A study found that military service members who reported insomnia symptoms or short sleep durations were less resilient than members who reported healthy sleep hygiene. Several physical and mental variables were evaluated as indices of resilience. These variables were self-rated general health, lost workdays, deployment, completion of service term, and healthcare utilization.
Long sleep duration was less predicative of resilience outcomes.
“We have identified a modifiable predictor of resilience. These metrics are especially important to organizational leaders that are trying to maximize work performance and well-being,” says lead author Amber Seelig, MPH, in a release. “We also showed that poor sleepers are more likely to leave the military early and are less likely to deploy, which is extremely relevant to military leadership.”

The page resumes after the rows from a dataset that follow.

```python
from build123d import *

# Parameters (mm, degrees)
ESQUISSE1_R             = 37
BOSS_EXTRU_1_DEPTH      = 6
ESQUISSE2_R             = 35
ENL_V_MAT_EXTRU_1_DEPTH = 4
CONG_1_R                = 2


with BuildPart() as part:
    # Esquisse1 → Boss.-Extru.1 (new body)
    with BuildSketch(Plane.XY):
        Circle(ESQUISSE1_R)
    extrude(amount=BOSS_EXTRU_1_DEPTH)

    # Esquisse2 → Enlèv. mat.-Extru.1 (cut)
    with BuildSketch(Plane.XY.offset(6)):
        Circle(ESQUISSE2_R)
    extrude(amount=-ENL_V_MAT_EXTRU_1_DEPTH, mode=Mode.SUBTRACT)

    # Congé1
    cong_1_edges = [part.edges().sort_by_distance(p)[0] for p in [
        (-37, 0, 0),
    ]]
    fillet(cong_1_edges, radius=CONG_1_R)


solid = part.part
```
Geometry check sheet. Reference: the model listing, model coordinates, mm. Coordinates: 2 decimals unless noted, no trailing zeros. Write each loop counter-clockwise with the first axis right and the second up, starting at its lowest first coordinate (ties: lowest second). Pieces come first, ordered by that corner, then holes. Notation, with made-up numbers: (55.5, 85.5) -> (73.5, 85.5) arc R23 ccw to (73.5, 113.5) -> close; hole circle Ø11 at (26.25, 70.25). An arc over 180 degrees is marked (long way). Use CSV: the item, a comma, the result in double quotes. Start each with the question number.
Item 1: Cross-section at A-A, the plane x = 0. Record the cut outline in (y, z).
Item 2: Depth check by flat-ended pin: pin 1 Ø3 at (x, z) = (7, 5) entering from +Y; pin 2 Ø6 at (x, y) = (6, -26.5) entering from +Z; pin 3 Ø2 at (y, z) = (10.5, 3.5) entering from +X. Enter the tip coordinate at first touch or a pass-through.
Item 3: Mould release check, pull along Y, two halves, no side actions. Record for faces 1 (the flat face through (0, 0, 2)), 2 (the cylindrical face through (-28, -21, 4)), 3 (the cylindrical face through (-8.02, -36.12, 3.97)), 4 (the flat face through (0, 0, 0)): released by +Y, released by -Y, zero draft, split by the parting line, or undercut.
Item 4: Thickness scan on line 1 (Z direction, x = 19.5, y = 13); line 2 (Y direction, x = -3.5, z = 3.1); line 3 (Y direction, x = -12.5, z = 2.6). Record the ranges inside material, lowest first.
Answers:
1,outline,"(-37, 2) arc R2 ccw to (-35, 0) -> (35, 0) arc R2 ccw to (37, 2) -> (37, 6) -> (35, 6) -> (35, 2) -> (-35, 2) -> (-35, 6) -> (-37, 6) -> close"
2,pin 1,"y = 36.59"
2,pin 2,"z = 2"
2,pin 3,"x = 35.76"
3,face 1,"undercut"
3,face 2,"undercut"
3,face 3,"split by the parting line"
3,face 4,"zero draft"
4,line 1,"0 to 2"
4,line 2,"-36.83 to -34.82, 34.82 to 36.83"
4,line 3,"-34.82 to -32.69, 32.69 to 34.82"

The study population consisted of approximately 55,000 participants from the Millennium Cohort Study, which includes men and women from all branches of military service, as well as Reservists and National Guardsmen.

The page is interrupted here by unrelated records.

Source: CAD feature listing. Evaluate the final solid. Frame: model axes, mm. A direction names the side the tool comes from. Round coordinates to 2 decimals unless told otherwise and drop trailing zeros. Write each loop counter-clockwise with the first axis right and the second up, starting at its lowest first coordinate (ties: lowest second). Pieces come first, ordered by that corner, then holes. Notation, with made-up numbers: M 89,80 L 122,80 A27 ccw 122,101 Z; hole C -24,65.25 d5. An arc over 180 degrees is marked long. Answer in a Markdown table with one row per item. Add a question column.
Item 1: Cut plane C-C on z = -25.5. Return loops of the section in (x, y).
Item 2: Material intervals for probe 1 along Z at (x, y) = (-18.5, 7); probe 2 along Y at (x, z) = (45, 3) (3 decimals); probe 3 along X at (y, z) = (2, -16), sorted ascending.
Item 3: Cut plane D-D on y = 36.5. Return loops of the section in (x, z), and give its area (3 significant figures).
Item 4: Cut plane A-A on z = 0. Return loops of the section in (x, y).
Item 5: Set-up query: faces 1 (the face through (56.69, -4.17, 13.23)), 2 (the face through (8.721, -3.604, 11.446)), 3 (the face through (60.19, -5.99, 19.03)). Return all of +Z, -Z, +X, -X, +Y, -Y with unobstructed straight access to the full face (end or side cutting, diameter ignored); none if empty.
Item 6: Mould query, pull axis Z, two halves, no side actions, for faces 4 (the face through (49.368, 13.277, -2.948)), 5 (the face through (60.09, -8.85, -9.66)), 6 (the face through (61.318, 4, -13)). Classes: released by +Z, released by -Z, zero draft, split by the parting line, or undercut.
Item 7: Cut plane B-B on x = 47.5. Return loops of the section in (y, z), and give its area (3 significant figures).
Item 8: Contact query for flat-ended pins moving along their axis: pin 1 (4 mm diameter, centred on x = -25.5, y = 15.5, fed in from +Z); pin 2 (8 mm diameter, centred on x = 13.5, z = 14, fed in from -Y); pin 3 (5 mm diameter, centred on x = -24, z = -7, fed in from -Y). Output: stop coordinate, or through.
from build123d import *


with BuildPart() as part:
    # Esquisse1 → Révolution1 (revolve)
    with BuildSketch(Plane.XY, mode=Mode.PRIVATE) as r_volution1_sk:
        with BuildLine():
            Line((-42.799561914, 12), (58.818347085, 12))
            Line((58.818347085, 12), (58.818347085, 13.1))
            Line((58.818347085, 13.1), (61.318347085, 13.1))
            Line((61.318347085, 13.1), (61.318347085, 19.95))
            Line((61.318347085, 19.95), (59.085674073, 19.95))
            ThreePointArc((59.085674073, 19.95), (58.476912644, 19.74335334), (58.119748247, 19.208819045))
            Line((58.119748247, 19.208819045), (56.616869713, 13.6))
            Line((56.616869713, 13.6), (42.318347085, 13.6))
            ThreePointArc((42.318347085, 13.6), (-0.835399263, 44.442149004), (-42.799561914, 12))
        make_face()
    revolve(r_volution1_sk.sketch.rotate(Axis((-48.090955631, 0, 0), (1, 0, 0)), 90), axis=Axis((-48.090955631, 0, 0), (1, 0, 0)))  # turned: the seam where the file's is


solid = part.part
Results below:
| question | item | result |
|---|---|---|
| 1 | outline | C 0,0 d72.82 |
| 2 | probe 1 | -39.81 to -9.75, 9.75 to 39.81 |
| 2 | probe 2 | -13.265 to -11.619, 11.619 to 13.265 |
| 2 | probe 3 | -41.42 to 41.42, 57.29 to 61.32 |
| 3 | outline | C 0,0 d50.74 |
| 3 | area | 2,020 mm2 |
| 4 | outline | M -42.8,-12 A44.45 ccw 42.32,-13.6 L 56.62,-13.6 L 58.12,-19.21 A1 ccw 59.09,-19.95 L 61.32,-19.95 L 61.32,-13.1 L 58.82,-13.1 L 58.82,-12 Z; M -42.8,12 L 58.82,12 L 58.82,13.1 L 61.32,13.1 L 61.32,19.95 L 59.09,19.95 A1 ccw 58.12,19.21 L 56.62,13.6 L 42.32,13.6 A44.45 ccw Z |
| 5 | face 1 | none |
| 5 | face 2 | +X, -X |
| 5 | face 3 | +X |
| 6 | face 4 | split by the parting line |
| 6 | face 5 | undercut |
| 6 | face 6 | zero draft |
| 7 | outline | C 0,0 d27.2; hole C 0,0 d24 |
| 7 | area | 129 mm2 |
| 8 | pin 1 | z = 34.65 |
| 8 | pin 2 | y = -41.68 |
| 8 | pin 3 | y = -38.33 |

The findings from this study underscore the integral role of sleep as a modifiable predictor of resilience indices in military personnel, a relationship that is likely to generalize broadly to both military and civilian populations and their operating environments.
Study results are published in the May issue of the journal Sleep.
According to the authors, future studies should explore if interventions that improve the sleep of individuals in operational environments will pay long-term dividends in terms of individual well-being, efficient use of military training dollars, and attendant organizational strength and readiness.